Why shouldn’t Kelly be given a pass because he’s dealing with young adults rather than teenagers?

“Look at Drew Brees with the New Orleans Saints,” Brother John said. “Last year we had a faculty retreat, and we used Drew Brees as the model for the way in which he deals with people. He’s had a great deal of trouble in his life, and he doesn’t mouth off. I think colleges sometimes wrap themselves up in that mantle of, ‘Well, we’re in college and not in high school.’ No, good behavior has to be consistent all the way through, because if the pros can do it, then the high schools and colleges can do it, too.”

It’s too soon to see if Kelly has gotten the message. He issued a cryptic non-apology after the South Florida game, saying, “What I have to recognize is that I’m on TV all the time. (I need to) do a better job of understanding when that camera is on me. It seems like it’s on more than I’m used to. So I’ll have to do a better job of controlling my emotions.”

Not exactly, “mea culpa, mea maxima culpa.” In other words, blame the red light, not my blue tongue.

“It’s terribly embarrassing [for Notre Dame], because part of it is integrity —are you what you say you are?” Brother John said. “He doesn’t have to tone it down. He has to change behavior, and that’s where somebody has to say it’s inappropriate. It’s not acceptable behind closed doors, either, because what you’re teaching your kids then is that you have two faces — your private life and your public life.”

Playing like a champion

A final embarrassing twist. Notre Dame’s Collaboration for Ethical Education offers a “sports as ministry” initiative for youth called “Play Like a Champion Today” (PLC).
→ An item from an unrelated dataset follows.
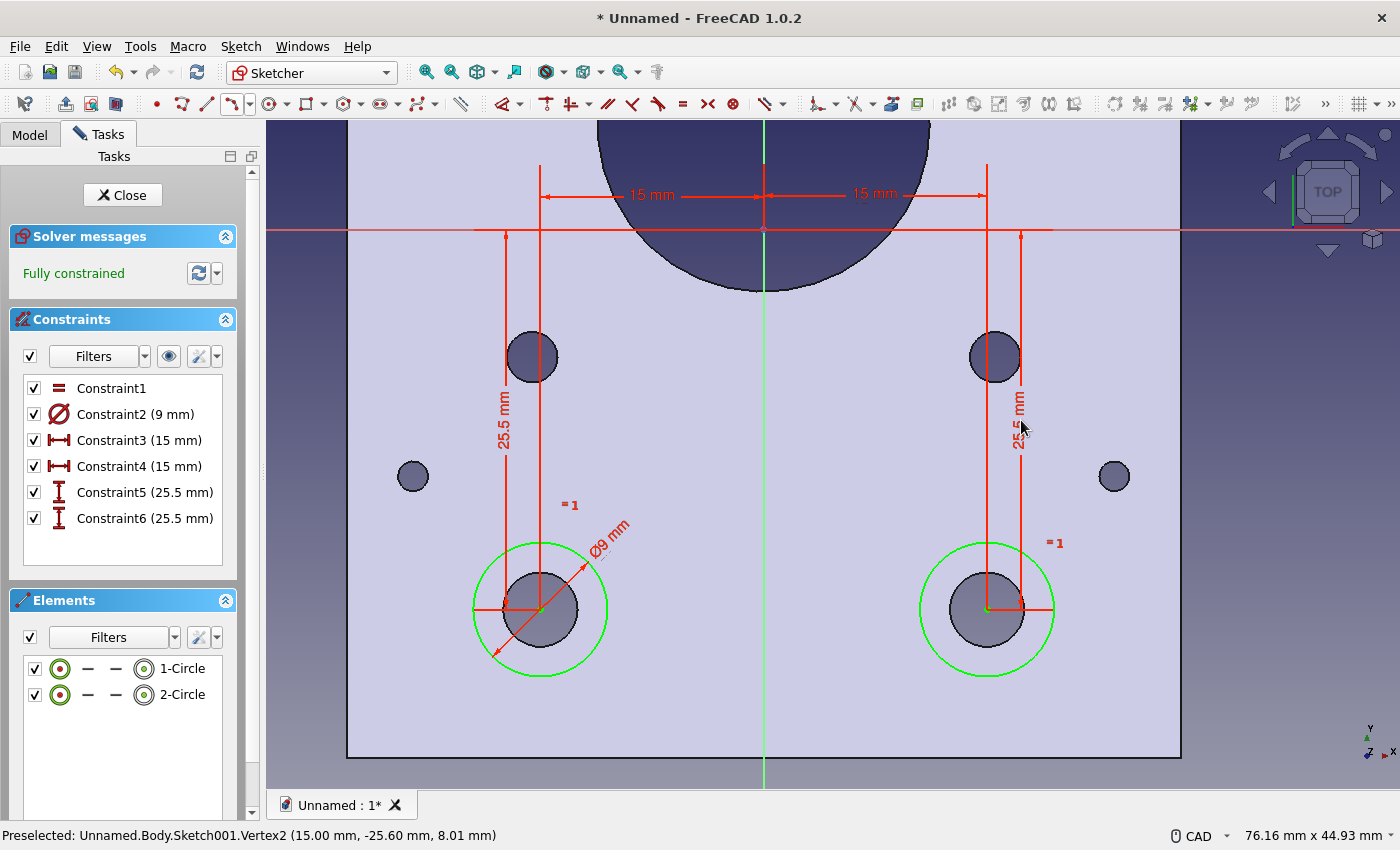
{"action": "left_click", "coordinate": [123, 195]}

The fundamental idea is that coaching kids and teens is a “ministry.”

In the spring 2011 newsletter, Clark Power, the program director, wrote a poignant column about getting a phone call from a mother whose son had dropped out of sports “after being belittled for an entire season by a coach, who continuously called into question his manhood.”

“Fortunately, this young man was doing well in therapy and regaining his sense of self-esteem and confidence,” Clark said. “Unfortunately, however, his peers were subjected to similar verbal onslaughts. Who knows how many more children this coach was continuing to hurt?”

At a PLC leadership conference, participants get Rudy-like visits to the Notre Dame locker room, dinner in the press box and even have guest speakers from the school.

As long as Kelly remains recalcitrant and unconvinced that he’s done anything wrong, he shouldn’t hold his breath waiting for an invitation to address the PLC. Anyway, we’ve seen him turn purple before.